Produk ini merupakan inovasi terbaru dari Dr. Brandon yang diformulasikan sebagai booster serum untuk mencerahkan kulit wajah dan menyamarkan noda hitam. Dengan kandungan ascorbic acid 20% dan Vitamin C murni yang berasal dari Extract Lemon Yuzu Jepang, serum ini menawarkan aksi cepat untuk mengatasi masalah noda hitam dan bekas jerawat.

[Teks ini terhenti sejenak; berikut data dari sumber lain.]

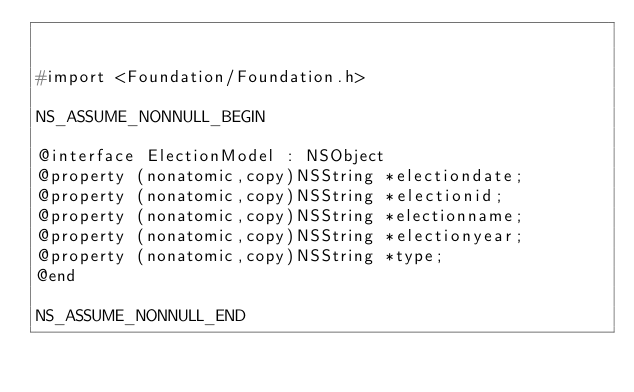Convert code to text. <code><loc_0><loc_0><loc_500><loc_500><_C_>

#import <Foundation/Foundation.h>

NS_ASSUME_NONNULL_BEGIN

@interface ElectionModel : NSObject
@property (nonatomic,copy)NSString *electiondate;
@property (nonatomic,copy)NSString *electionid;
@property (nonatomic,copy)NSString *electionname;
@property (nonatomic,copy)NSString *electionyear;
@property (nonatomic,copy)NSString *type;
@end

NS_ASSUME_NONNULL_END
</code> 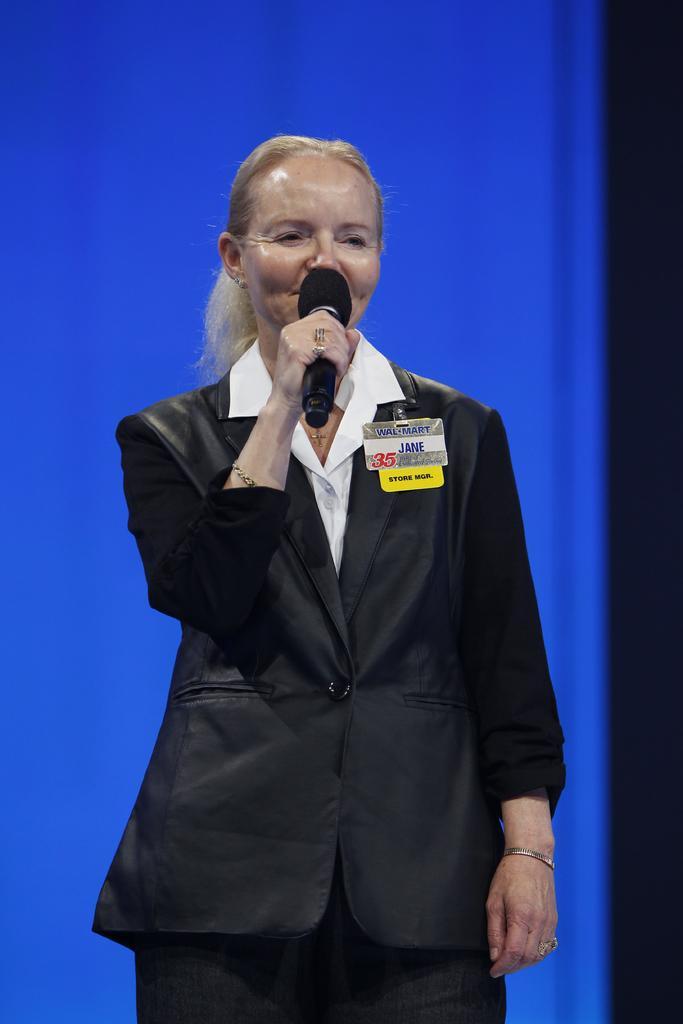Please provide a concise description of this image. In this image we can see a woman standing and holding a mic and it looks like she is talking. The background is blue in color.

Tekstur serum yang ringan dan menyegarkan diklaim mudah meresap ke dalam lapisan kulit. Penggunaan rutin diharapkan dapat menghasilkan kulit yang tampak lebih cerah bersinar dan noda hitam yang tersamarkan.
|
|
| Dr. Brandon Brightening & Firm Serum 20% Vit C + Gluthatione. |
Manfaat Vitamin C secara umum meliputi perbaikan kerusakan kulit akibat radikal bebas, percepatan produksi kolagen, dan perlindungan kulit dari paparan sinar matahari.
Cara penggunaannya cukup sederhana: teteskan 2-3 tetes serum pada wajah yang bersih dan kering, gunakan setelah toner dan sebelum krim pagi atau malam.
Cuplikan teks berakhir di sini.